Accuracy on Training data :  0.9988035641195177


In [32]:
# accuracy on test data
x_test_prediction = model.predict(x_test)
test_data_accuracy = accuracy_score(x_test_prediction, y_test)

In [33]:
print('Accuracy score on Test Data : ', test_data_accuracy)

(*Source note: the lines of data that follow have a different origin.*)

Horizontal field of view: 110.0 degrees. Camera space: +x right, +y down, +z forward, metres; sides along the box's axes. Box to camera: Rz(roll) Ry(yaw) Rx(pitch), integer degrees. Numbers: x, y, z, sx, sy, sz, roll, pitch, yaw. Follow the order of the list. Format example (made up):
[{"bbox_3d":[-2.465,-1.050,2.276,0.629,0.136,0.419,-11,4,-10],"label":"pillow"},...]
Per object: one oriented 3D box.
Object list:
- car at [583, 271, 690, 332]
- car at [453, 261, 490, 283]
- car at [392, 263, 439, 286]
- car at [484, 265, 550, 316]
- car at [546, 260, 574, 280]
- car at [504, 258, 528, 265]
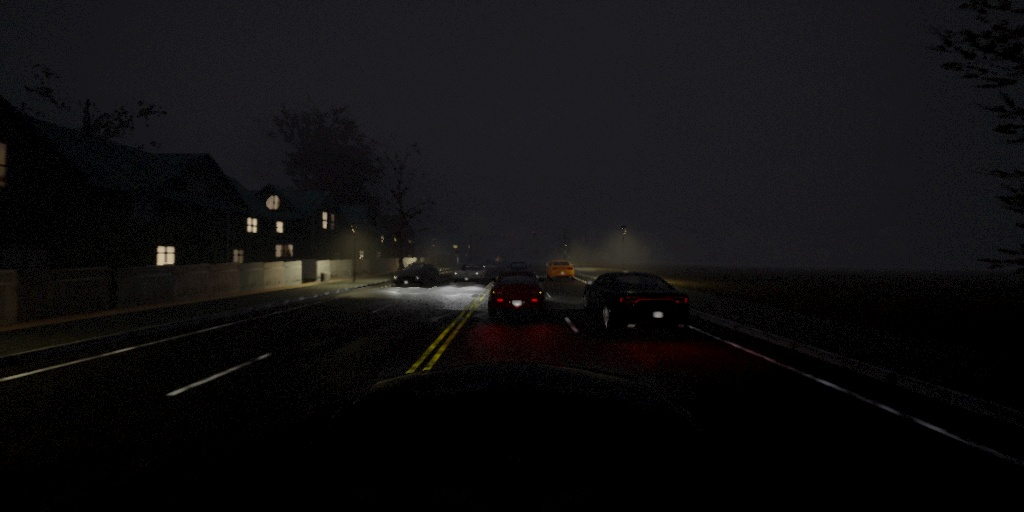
[{"bbox_3d":[3.405,1.180,10.735,1.882,1.535,5.008,0,0,1],"label":"car"},{"bbox_3d":[-2.990,1.225,26.114,1.895,1.301,4.718,0,0,2],"label":"car"},{"bbox_3d":[-6.304,1.181,24.183,2.033,1.411,5.357,0,0,1],"label":"car"},{"bbox_3d":[0.190,1.215,12.970,1.812,1.442,4.674,0,0,1],"label":"car"},{"bbox_3d":[3.802,1.088,28.776,1.882,1.535,5.008,0,0,2],"label":"car"},{"bbox_3d":[0.523,1.140,28.184,1.812,1.442,4.674,0,0,2],"label":"car"}]
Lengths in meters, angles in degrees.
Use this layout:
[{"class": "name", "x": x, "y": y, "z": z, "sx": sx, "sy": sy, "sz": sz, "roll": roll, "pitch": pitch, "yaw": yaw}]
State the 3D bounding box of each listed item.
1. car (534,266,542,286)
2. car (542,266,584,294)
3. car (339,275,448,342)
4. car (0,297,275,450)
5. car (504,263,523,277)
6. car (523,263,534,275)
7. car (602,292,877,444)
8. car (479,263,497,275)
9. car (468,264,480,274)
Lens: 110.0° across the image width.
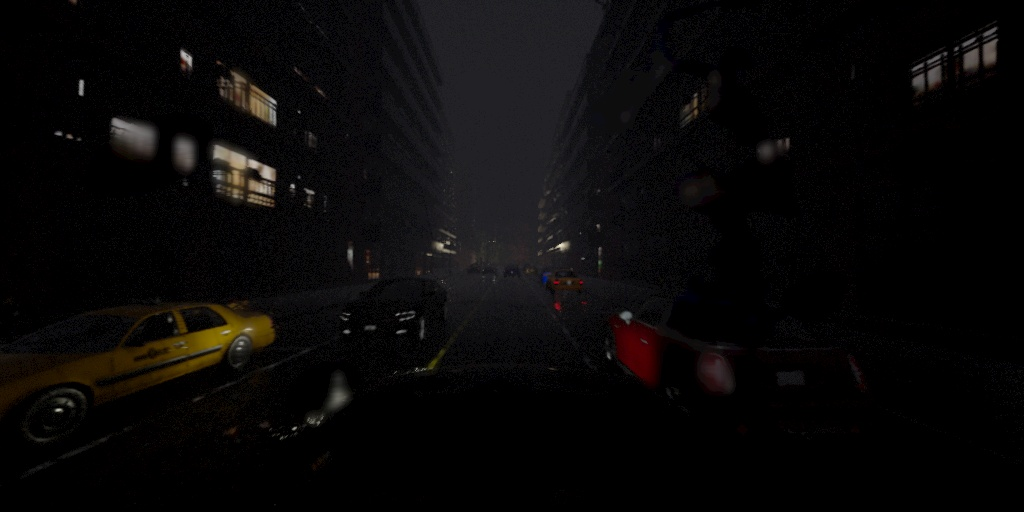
[{"class": "car", "x": 3.135, "y": 1.587, "z": 29.103, "sx": 1.882, "sy": 1.535, "sz": 5.008, "roll": 0, "pitch": -1, "yaw": 0}, {"class": "car", "x": 3.146, "y": 1.477, "z": 22.293, "sx": 1.801, "sy": 1.575, "sz": 5.366, "roll": 0, "pitch": -1, "yaw": 0}, {"class": "car", "x": -3.103, "y": 1.340, "z": 10.342, "sx": 1.882, "sy": 1.535, "sz": 5.008, "roll": 0, "pitch": -1, "yaw": 0}, {"class": "car", "x": -5.691, "y": 1.324, "z": 5.262, "sx": 1.751, "sy": 1.417, "sz": 4.829, "roll": 0, "pitch": 0, "yaw": 0}, {"class": "car", "x": 0.039, "y": 1.784, "z": 44.002, "sx": 1.882, "sy": 1.535, "sz": 5.008, "roll": 0, "pitch": -1, "yaw": 1}, {"class": "car", "x": 2.692, "y": 1.910, "z": 50.110, "sx": 1.751, "sy": 1.417, "sz": 4.829, "roll": 0, "pitch": 0, "yaw": 0}, {"class": "car", "x": 2.689, "y": 1.238, "z": 5.400, "sx": 1.967, "sy": 1.591, "sz": 4.097, "roll": 0, "pitch": 0, "yaw": 0}, {"class": "car", "x": -3.087, "y": 1.986, "z": 50.007, "sx": 1.895, "sy": 1.301, "sz": 4.718, "roll": 0, "pitch": -1, "yaw": 0}, {"class": "car", "x": -5.717, "y": 1.899, "z": 55.538, "sx": 1.967, "sy": 1.591, "sz": 4.097, "roll": 0, "pitch": 0, "yaw": 0}]

Accuracy score on Test Data :  0.9989925702052638


In [35]:
from sklearn.ensemble import RandomForestClassifier

In [37]:
import pickle

In [38]:
# Train model
model = RandomForestClassifier()
model.fit(x_train, y_train)

with open('credit.pkl', 'wb') as f:
    pickle.dump(model, f)

In [39]:
from google.colab import files
files.download('credit.pkl')

<IPython.core.display.Javascript object>

<IPython.core.display.Javascript object>

# Project Report

---


Credit card fraud poses a significant threat to both consumers and financial institutions, leading to substantial financial losses and potential reputational damage. To mitigate these risks, machine learning techniques have become a crucial tool in the detection of fraudulent transactions. In this project, we implement logistic regression, a widely used classification algorithm, to distinguish between legitimate and fraudulent credit card transactions based on various transaction features.
### Data
The data used in this project is a CSV file containing credit card transaction data. The data has 31 columns and 284,807 rows. The "Class" column is the target variable, which indicates whether the transaction is legitimate (Class = 0) or fraudulent (Class = 1).
### Preprocessing
Before training the model, we first separate the legitimate and fraudulent transactions. Since the data is imbalanced, with significantly more legitimate transactions than fraudulent transactions, we undersample the legitimate transactions to balance the classes. We then split the data into training and testing sets using the train_test_split () function.
### Model
We use logistic regression to classify transactions as either legitimate or fraudulent based on their features. Logistic regression is a widely used classification algorithm that models the probability of an event occurring based on input features. The logistic regression model is trained on the training data using the LogisticRegression () function from scikit-learn. The trained model is then used to predict the target variable for the testing data.
### Evaluation
The performance of the model is evaluated using the accuracy metric, which is the fraction of correctly classified transactions. The accuracy on the training and testing data is calculated using the accuracy_score() function from scikit-learn.

---


## Conclusion
In this project, we used logistic regression to detect fraudulent credit card transactions. We achieved a high accuracy on both the training and testing data, indicating that the model is effective at detecting fraudulent transactions.